■ **WORK TO BE COMPLETED**
Every record below is to be retyped exactly, with any pictures left out.

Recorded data
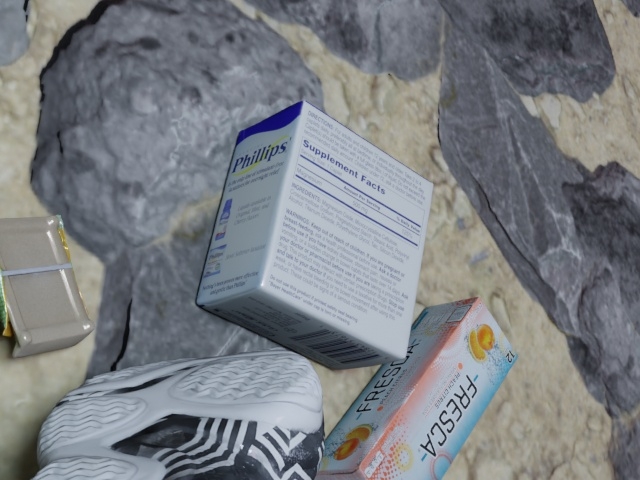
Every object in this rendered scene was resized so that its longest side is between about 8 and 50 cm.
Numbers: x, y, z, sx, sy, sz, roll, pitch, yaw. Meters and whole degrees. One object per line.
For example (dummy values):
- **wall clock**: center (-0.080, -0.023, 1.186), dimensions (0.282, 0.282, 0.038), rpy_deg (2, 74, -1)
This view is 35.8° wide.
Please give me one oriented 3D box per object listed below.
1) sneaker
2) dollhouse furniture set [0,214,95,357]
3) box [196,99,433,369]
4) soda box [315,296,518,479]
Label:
- **sneaker**: center (-0.055, 0.184, 0.445), dimensions (0.137, 0.366, 0.210), rpy_deg (-7, 100, -1)
- **dollhouse furniture set**: center (-0.193, 0.034, 0.515), dimensions (0.152, 0.059, 0.076), rpy_deg (-7, 75, -62)
- **box**: center (0.000, 0.000, 0.664), dimensions (0.126, 0.072, 0.137), rpy_deg (29, 60, -32)
- **soda box**: center (0.069, 0.120, 0.701), dimensions (0.063, 0.058, 0.183), rpy_deg (56, 49, -15)
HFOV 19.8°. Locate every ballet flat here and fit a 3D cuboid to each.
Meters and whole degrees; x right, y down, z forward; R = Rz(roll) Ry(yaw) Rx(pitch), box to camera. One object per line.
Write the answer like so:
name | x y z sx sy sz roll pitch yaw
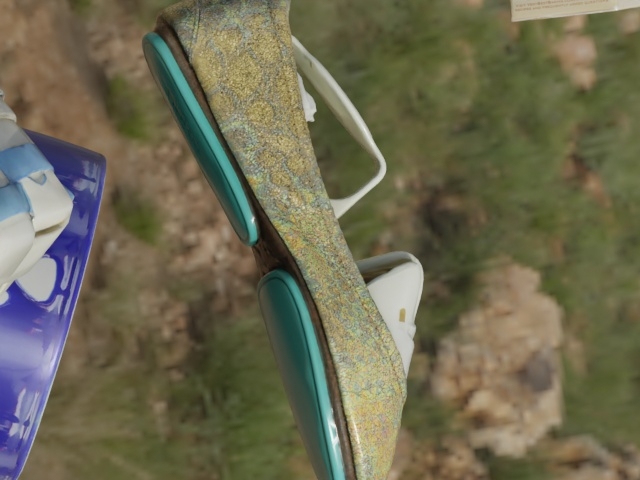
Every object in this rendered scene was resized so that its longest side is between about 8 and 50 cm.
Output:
ballet flat | 0.000 0.000 1.157 0.123 0.123 0.348 -16 84 -66

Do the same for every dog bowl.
dog bowl | -0.246 0.046 1.382 0.265 0.104 0.264 -165 -90 -79

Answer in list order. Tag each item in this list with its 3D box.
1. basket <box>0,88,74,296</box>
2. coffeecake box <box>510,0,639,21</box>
basket | -0.264 -0.034 0.708 0.289 0.255 0.201 44 28 2
coffeecake box | 0.158 -0.229 1.097 0.142 0.068 0.185 -20 105 -63

■ **REPLY**
Every object in this rendered scene was resized so that its longest side is between about 8 and 50 cm.
Numbers: x, y, z, sx, sy, sz, roll, pitch, yaw. Meters and whole degrees. One object per line.
For example (dummy values):
- **wall clock**: center (-0.080, -0.023, 1.186), dimensions (0.282, 0.282, 0.038), rpy_deg (2, 74, -1)
This view is 35.8° wide.
Please give me one oriented 3D box per object listed below.
1) sneaker
2) dollhouse furniture set [0,214,95,357]
3) box [196,99,433,369]
4) soda box [315,296,518,479]
Label:
- **sneaker**: center (-0.055, 0.184, 0.445), dimensions (0.137, 0.366, 0.210), rpy_deg (-7, 100, -1)
- **dollhouse furniture set**: center (-0.193, 0.034, 0.515), dimensions (0.152, 0.059, 0.076), rpy_deg (-7, 75, -62)
- **box**: center (0.000, 0.000, 0.664), dimensions (0.126, 0.072, 0.137), rpy_deg (29, 60, -32)
- **soda box**: center (0.069, 0.120, 0.701), dimensions (0.063, 0.058, 0.183), rpy_deg (56, 49, -15)
HFOV 19.8°. Locate every ballet flat here and fit a 3D cuboid to each.
Meters and whole degrees; x right, y down, z forward; R = Rz(roll) Ry(yaw) Rx(pitch), box to camera. One object per line.
Write the answer like so:
name | x y z sx sy sz roll pitch yaw
Every object in this rendered scene was resized so that its longest side is between about 8 and 50 cm.
Output:
ballet flat | 0.000 0.000 1.157 0.123 0.123 0.348 -16 84 -66

Do the same for every dog bowl.
dog bowl | -0.246 0.046 1.382 0.265 0.104 0.264 -165 -90 -79

Answer in list order. Tag each item in this list with its 3D box.
1. basket <box>0,88,74,296</box>
2. coffeecake box <box>510,0,639,21</box>
basket | -0.264 -0.034 0.708 0.289 0.255 0.201 44 28 2
coffeecake box | 0.158 -0.229 1.097 0.142 0.068 0.185 -20 105 -63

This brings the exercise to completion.